Zoll succeeded in preventing life-threatening disturbances of heart rhythm and in restoring effective heart action to victims about to die from sudden cardiac arrest. He accomplished these feats with the application of indirect and direct electrical shocks that restored a life-sustaining heart rhythm. Because of his methods, he has been called "The Father of Modern Cardiac Therapy". Still today there is an annual toll of approximately 450,000 sudden arrhythmic deaths in the USA alone. Zoll was a pioneer with a panoramic wide-angle view of his patient’s needs gleaned from his office and bedside hospital practice. During his career, Zoll equally divided his time between clinical care and research in his laboratory. His first in-the-world milestones resulted in paradigm shifts in cardiac care.

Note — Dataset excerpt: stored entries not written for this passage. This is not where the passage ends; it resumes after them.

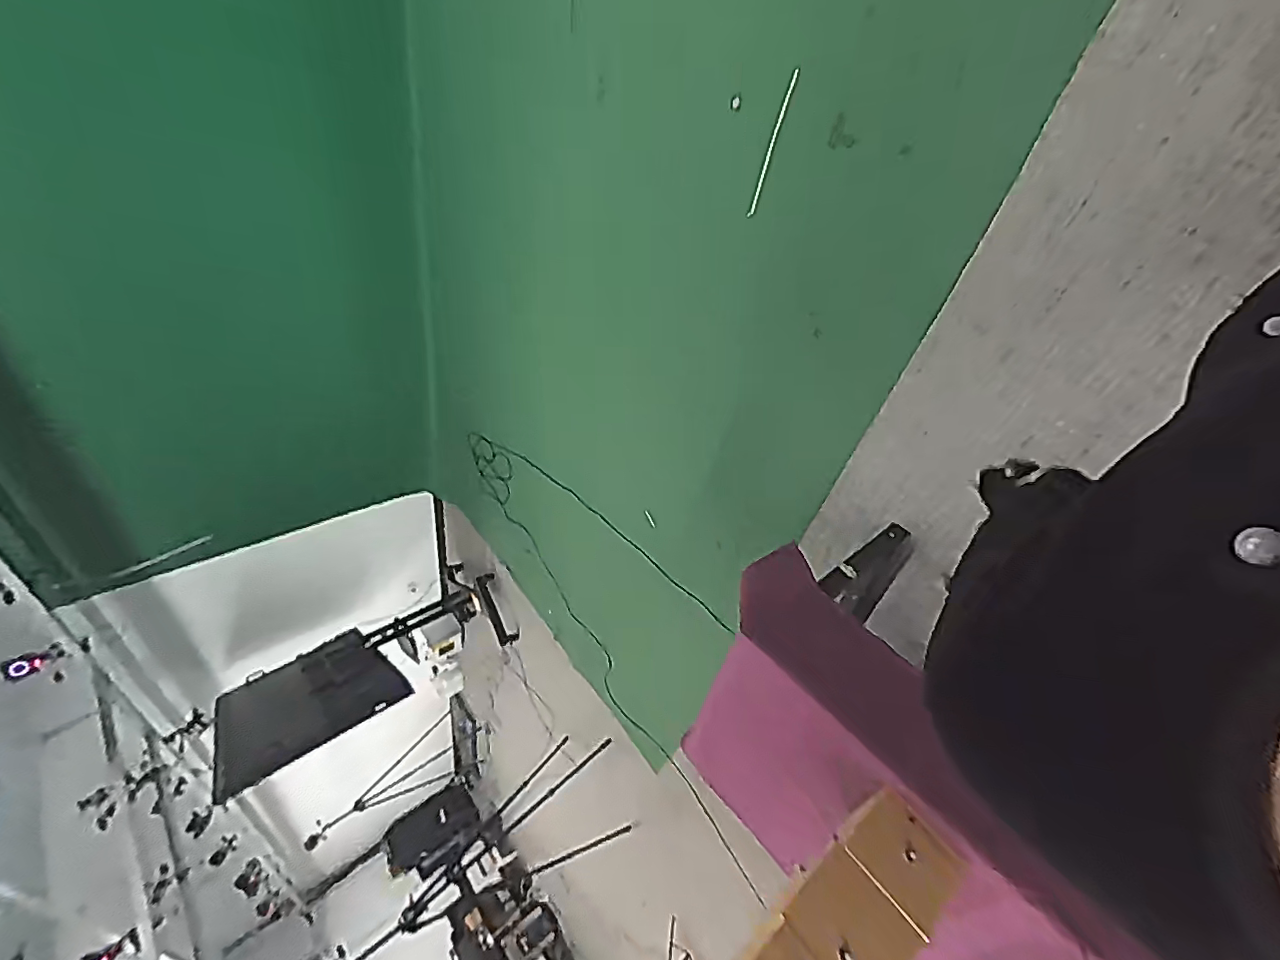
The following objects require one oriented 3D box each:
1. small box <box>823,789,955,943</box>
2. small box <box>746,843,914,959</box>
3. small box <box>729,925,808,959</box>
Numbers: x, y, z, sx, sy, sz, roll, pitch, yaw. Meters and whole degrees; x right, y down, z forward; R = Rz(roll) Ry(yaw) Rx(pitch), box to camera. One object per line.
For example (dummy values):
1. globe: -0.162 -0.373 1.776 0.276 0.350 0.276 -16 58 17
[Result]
1. small box: 0.445 0.715 0.998 0.168 0.176 0.179 43 138 29
2. small box: 0.317 0.764 0.906 0.179 0.176 0.168 44 138 29
3. small box: 0.195 0.822 0.813 0.168 0.176 0.179 43 137 29
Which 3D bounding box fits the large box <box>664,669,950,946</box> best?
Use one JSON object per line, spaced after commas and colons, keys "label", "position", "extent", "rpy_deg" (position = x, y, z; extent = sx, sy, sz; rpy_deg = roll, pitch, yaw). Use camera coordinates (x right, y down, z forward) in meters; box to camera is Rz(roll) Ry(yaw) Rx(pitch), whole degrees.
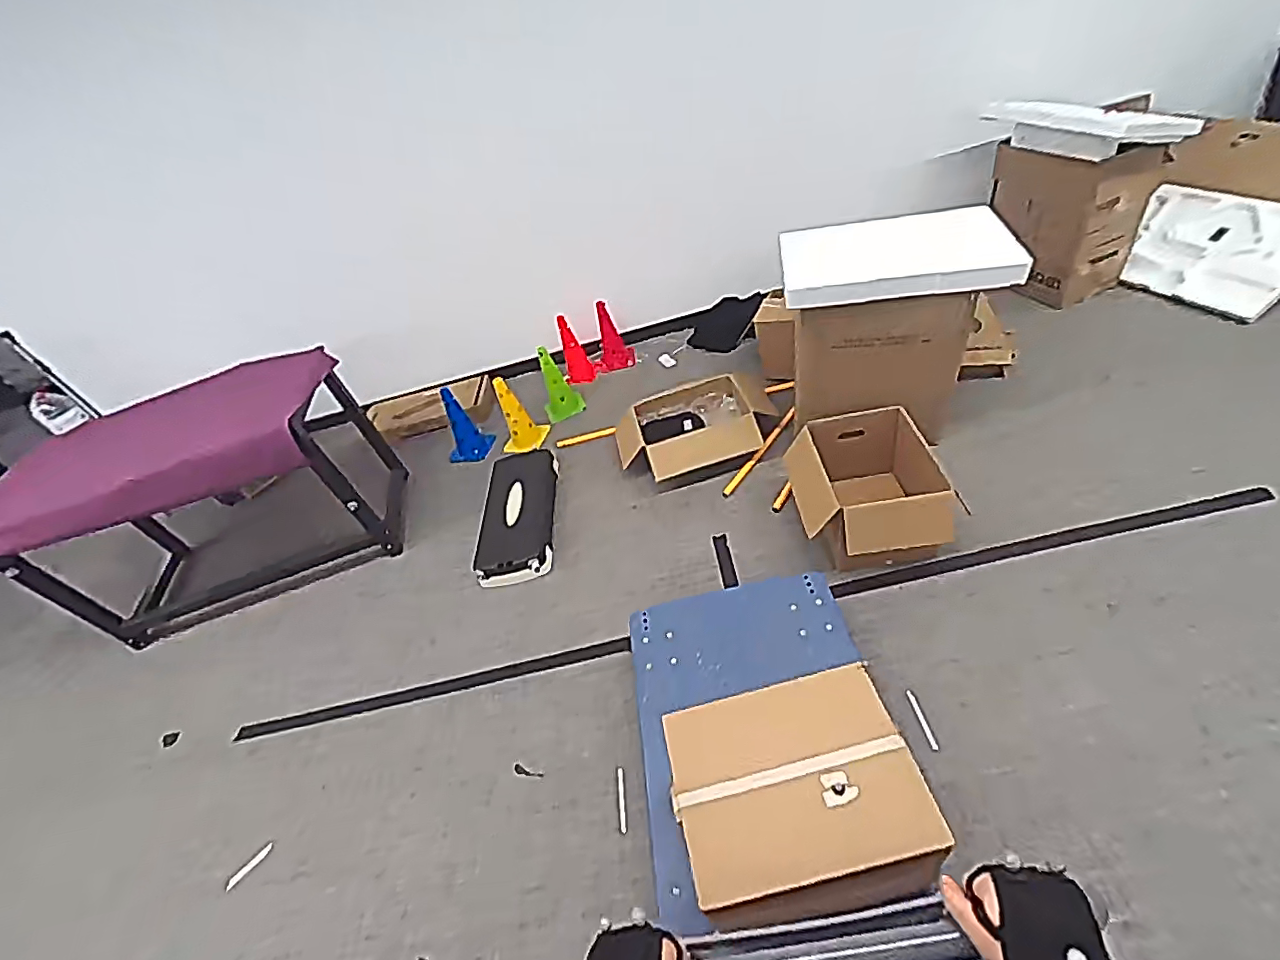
{"label": "large box", "position": [0.292, 0.625, 1.036], "extent": [0.408, 0.320, 0.320], "rpy_deg": [-16, 42, 1]}
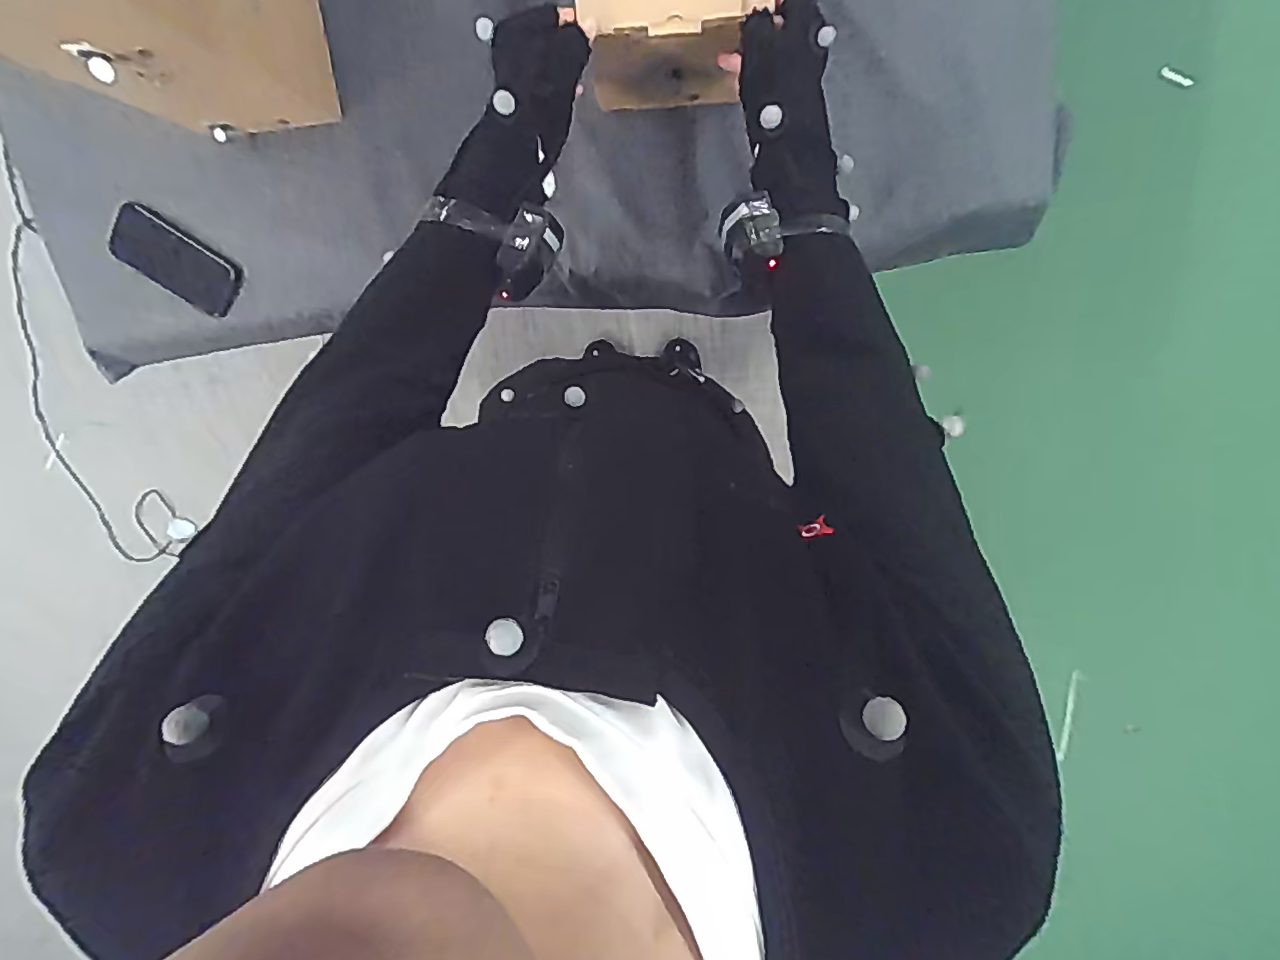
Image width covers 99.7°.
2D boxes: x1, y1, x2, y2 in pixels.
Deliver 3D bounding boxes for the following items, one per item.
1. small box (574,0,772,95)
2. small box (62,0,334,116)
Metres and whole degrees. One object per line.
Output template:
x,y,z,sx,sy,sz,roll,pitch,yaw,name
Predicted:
0.032,-0.481,0.497,0.168,0.176,0.179,-1,106,4,small box
-0.434,-0.482,0.527,0.168,0.176,0.179,-3,105,5,small box
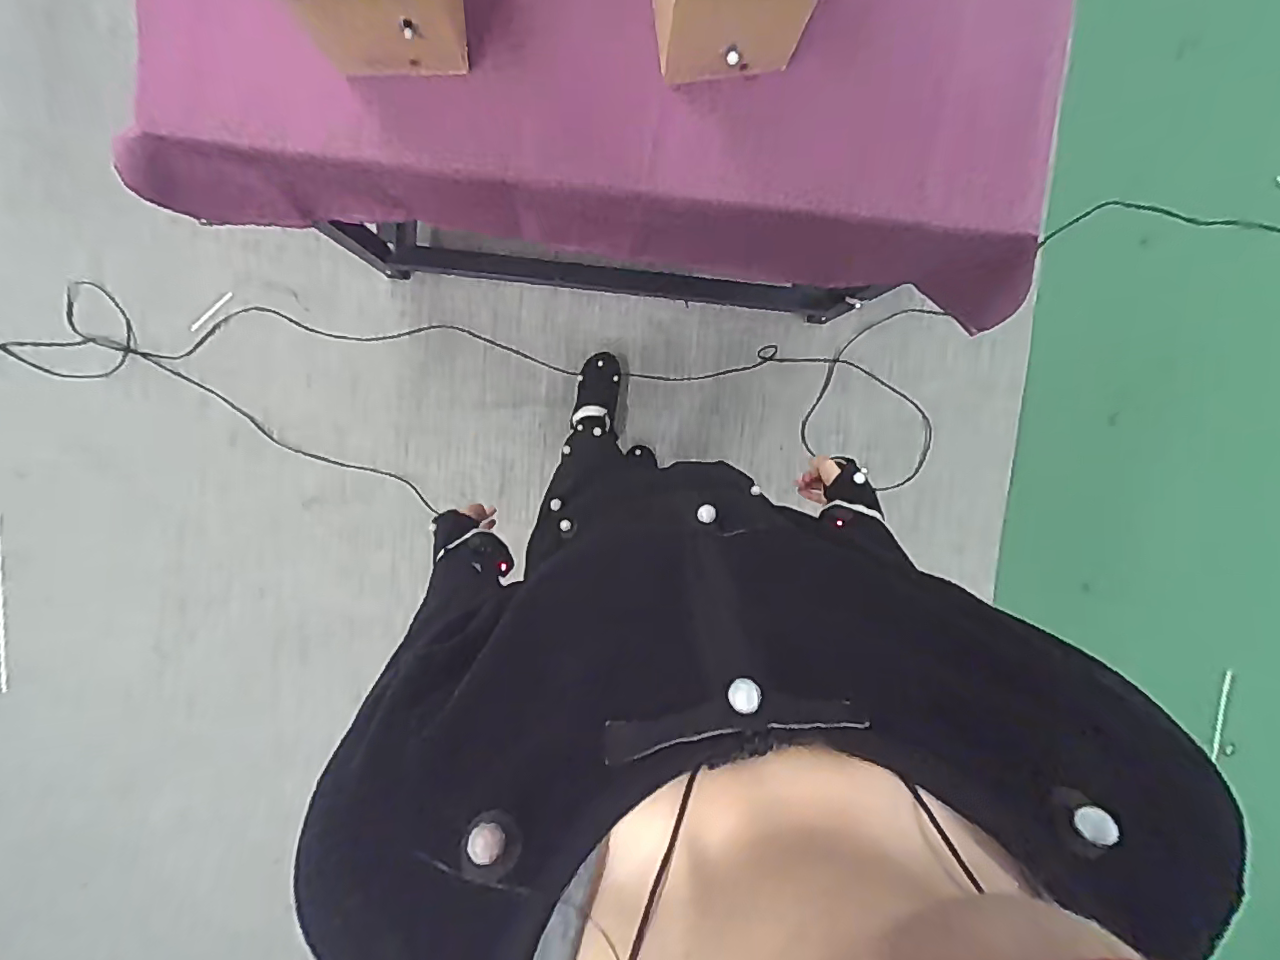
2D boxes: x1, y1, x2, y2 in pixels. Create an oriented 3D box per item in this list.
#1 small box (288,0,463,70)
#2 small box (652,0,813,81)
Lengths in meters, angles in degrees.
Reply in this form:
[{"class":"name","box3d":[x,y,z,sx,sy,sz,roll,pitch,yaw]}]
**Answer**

Each conformed to the scientific "gold" standards with well-documented detailed published data of laboratory experiments and results in patients that were replicated by independent investigators.
Among those milestones are chest surface pacing of an arrested heart in 1952; Clinical alarmed heart rhythm monitors in 1953; chest surface electrical shock ("defibrillation") to terminate life-threatening ventricular fibrillation in 1956; installation of a Zoll-Belgard- Electrodyne self-contained long term pacemaker in a child in 1960; and the introduction of a new concept that permitted "painless" chest surface pacing in 1982. The new device launched a small company that grew to be ZOLL Medical Corporation.

Zoll developed methods of applying electric shocks to the surface of the chest that stimulated the heart within. When the heart of his first clinical success ceased to beat because its native stimulus signal failed, Zoll saved the man by substituting a sequence of chest shocks produced by an experimental pacemaker borrowed from Otto Krayer of the Harvard Medical School Department of Physiology. The next year he collaborated with Alan Belgard, the chief electrical engineer and co-owner of the Electrodyne Company, to develop an efficient chest surface pacemaker to conform to Zoll's needs. That collaboration became long-term as together they developed production model chest surface pacemakers, clinical alarmed heart rhythm monitors, chest surface defibrillators, cardiac monitor-automatic pacemakers, and long-term implantable self-contained pacemakers.

He retired from practice in 1993. During his more than fifty years of active practice and research, Zoll received many awards and honors.

==Personal life==
After completing his residency, Zoll married Janet Jones, whom he met while training at Bellevue. In 1948, they became parents of fraternal twins. Son Ross attended Harvard College and earned a graduate degree in physics at the University of Chicago. He then assisted Zoll in the laboratory and earned his M.D. at the University of Miami. Daughter Mary earned her Doctorate in biochemistry and taught at Northeastern University in Boston and Massachusetts Institute of Technology.

Janet died in 1978. Three years later, Zoll married Ann Blumgart Gurewich. Zoll died from pneumonia on January 5, 1999.

==Legacy==
The descendants of Zoll's discoveries continue to evolve in the forms of alarmed cardiac monitors, pacemakers, and closed chest defibrillators. These machines continue to be the platform for all modern cardiac care units. Lightweight portable Automated External Defibrillators (AED) are mandated by federal and state authorities in many locations, including schools, commercial airplanes, airports, and health clubs. Since 2005, there have now wearable automatic defibrillators that need no direct medical interventions.